Autour de son œil gauche il y avait comme une large tache aux teintes de plomb. On aurait dit qu’il sortait de boîte, ou de garde à vue, et qu’il avait pris dans l’une ou l’autre de ces deux options une raclée, un tabassage en règle. Il avait en outre un regard de suie, bourré d’encre, lourd de sens…
‘Santero’, c’était son nom, était né en juillet 2018. Il portait le numéro 32. Il est mort dans les arènes d’Estella, en Navarre, à cinq kilomètres de chez lui, un peu après 19 heures, le 6 août 2022. Il portait le fer de Miguel Reta, et Francisco Javier Sánchez Vara lui a coupé les deux oreilles avant que sa dépouille fasse la vuelta. Bien sûr, tout cela est très exagéré…
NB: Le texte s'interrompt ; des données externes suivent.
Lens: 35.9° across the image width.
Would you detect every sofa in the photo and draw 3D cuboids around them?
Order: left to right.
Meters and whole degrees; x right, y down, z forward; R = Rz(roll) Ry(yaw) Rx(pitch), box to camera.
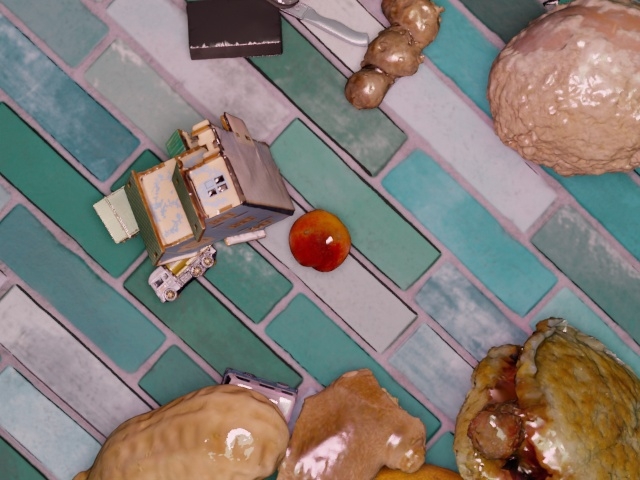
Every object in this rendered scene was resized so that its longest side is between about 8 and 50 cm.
[{"bbox_3d":[-0.133,-0.330,1.541,0.147,0.060,0.085,-5,78,-1],"label":"sofa"}]

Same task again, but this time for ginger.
[{"bbox_3d":[0.048,0.329,1.513,0.221,0.130,0.276,10,73,-1],"label":"ginger"},{"bbox_3d":[0.111,-0.291,1.536,0.104,0.080,0.204,28,89,11],"label":"ginger"}]

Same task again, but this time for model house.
[{"bbox_3d":[-0.185,-0.069,1.455,0.206,0.271,0.178,-26,84,14],"label":"model house"}]

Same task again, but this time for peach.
[{"bbox_3d":[-0.001,0.000,1.536,0.100,0.101,0.101,0,93,-2],"label":"peach"}]

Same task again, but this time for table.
[{"bbox_3d":[-0.297,-0.046,1.540,0.083,0.062,0.079,-31,93,0],"label":"table"}]

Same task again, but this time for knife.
[{"bbox_3d":[-0.019,-0.356,1.559,0.210,0.015,0.028,25,99,-3],"label":"knife"}]

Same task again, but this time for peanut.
[{"bbox_3d":[-0.214,0.339,1.487,0.387,0.170,0.192,-24,127,22],"label":"peanut"}]

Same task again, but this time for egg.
[{"bbox_3d":[0.406,-0.227,1.465,0.310,0.279,0.279,-8,94,26],"label":"egg"}]

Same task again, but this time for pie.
[{"bbox_3d":[0.396,0.333,1.467,0.418,0.395,0.180,46,128,-3],"label":"pie"}]

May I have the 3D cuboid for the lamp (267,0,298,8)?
[{"bbox_3d":[-0.089,-0.527,1.514,0.269,0.047,0.267,31,83,-3],"label":"lamp"}]

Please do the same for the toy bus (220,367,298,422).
[{"bbox_3d":[-0.100,0.249,1.558,0.122,0.075,0.060,18,92,-3],"label":"toy bus"}]

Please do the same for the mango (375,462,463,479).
[{"bbox_3d":[0.173,0.447,1.556,0.294,0.120,0.177,19,90,-3],"label":"mango"}]

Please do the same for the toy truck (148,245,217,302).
[{"bbox_3d":[-0.215,0.040,1.554,0.123,0.052,0.063,-42,89,-1],"label":"toy truck"}]
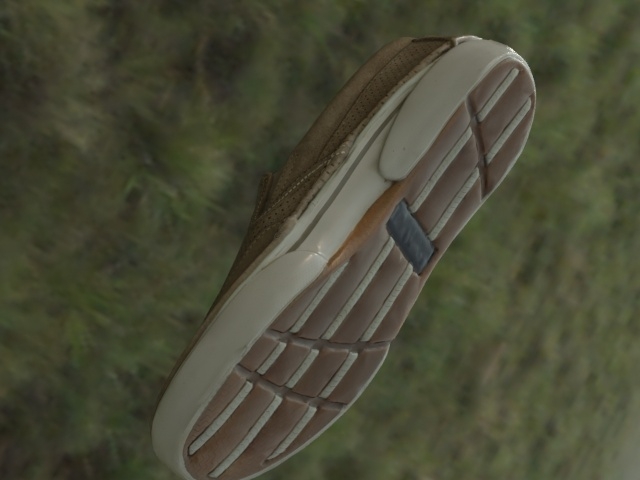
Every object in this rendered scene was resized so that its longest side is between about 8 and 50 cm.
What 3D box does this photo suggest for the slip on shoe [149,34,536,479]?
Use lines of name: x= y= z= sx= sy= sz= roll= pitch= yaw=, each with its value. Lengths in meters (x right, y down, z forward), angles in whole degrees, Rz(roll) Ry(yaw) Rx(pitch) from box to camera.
slip on shoe: x=0.000 y=0.000 z=0.376 sx=0.135 sy=0.041 sz=0.051 roll=-53 pitch=143 yaw=-16
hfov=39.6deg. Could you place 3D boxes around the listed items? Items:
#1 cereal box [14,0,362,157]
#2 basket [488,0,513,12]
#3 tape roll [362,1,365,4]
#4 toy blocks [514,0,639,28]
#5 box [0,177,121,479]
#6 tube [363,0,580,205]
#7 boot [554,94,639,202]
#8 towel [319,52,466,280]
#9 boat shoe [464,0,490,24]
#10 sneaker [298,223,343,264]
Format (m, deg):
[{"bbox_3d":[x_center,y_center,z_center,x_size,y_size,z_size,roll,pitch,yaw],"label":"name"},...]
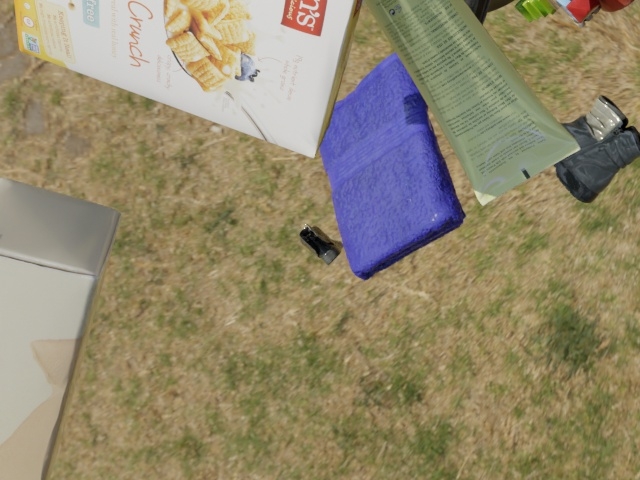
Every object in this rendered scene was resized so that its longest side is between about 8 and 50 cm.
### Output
[{"bbox_3d":[-0.094,-0.166,0.607,0.240,0.047,0.173,20,140,4],"label":"cereal box"},{"bbox_3d":[0.307,-0.576,1.754,0.204,0.154,0.227,-20,82,17],"label":"basket"},{"bbox_3d":[0.083,-0.560,1.564,0.286,0.286,0.100,-48,58,22],"label":"tape roll"},{"bbox_3d":[0.528,-0.505,1.541,0.190,0.261,0.381,35,109,-33],"label":"toy blocks"},{"bbox_3d":[-0.286,0.117,0.823,0.121,0.148,0.311,16,115,-11],"label":"box"},{"bbox_3d":[0.102,-0.145,0.707,0.240,0.062,0.070,53,154,-10],"label":"tube"},{"bbox_3d":[0.457,-0.201,1.589,0.246,0.083,0.161,50,124,17],"label":"boot"},{"bbox_3d":[0.106,-0.116,1.412,0.227,0.076,0.308,-33,60,39],"label":"towel"},{"bbox_3d":[0.126,-0.216,0.740,0.125,0.046,0.038,106,146,-49],"label":"boat shoe"},{"bbox_3d":[-0.002,0.002,1.753,0.089,0.170,0.051,42,95,-2],"label":"sneaker"}]
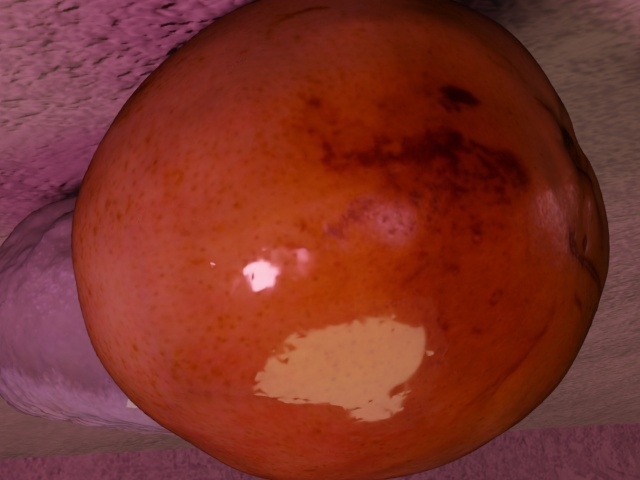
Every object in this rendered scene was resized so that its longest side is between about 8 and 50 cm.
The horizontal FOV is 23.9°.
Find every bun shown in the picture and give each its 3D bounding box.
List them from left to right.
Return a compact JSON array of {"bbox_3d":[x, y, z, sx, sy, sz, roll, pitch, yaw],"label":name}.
[{"bbox_3d":[-0.100,0.056,1.176,0.355,0.194,0.354,6,172,1],"label":"bun"}]

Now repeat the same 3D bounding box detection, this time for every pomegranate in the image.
[{"bbox_3d":[0.000,0.000,0.877,0.319,0.319,0.319,-7,165,-2],"label":"pomegranate"}]

Comme tous les autres soudards de sa clique, en âges dispersés d’ailleurs, les deux tiers ayant plus de cinq ans, ‘Santero’ a été châtié au faciès. Comme tous les autres, à un ou deux détails près, il s’est fait démolir à la pique. Car il fallait à l’évidence que toute cette racaille navarraise se fasse bousiller, d’une façon ou d’une autre, besogne effectuée par des raclures sur montures pratiquant des tarifs de groupe. De la première cervicale jusqu’à l’ultime vertèbre, il fallait causer les dégâts les plus lourds, les blessures les plus handicapantes, fabriquer si possible des invalides. Sous la musique éthylique et décadente des peñas côté « sol », on y est d’ailleurs presque arrivé, dans une ambiance à la Sam Peckinpah, avec, à priori, les viols en moins…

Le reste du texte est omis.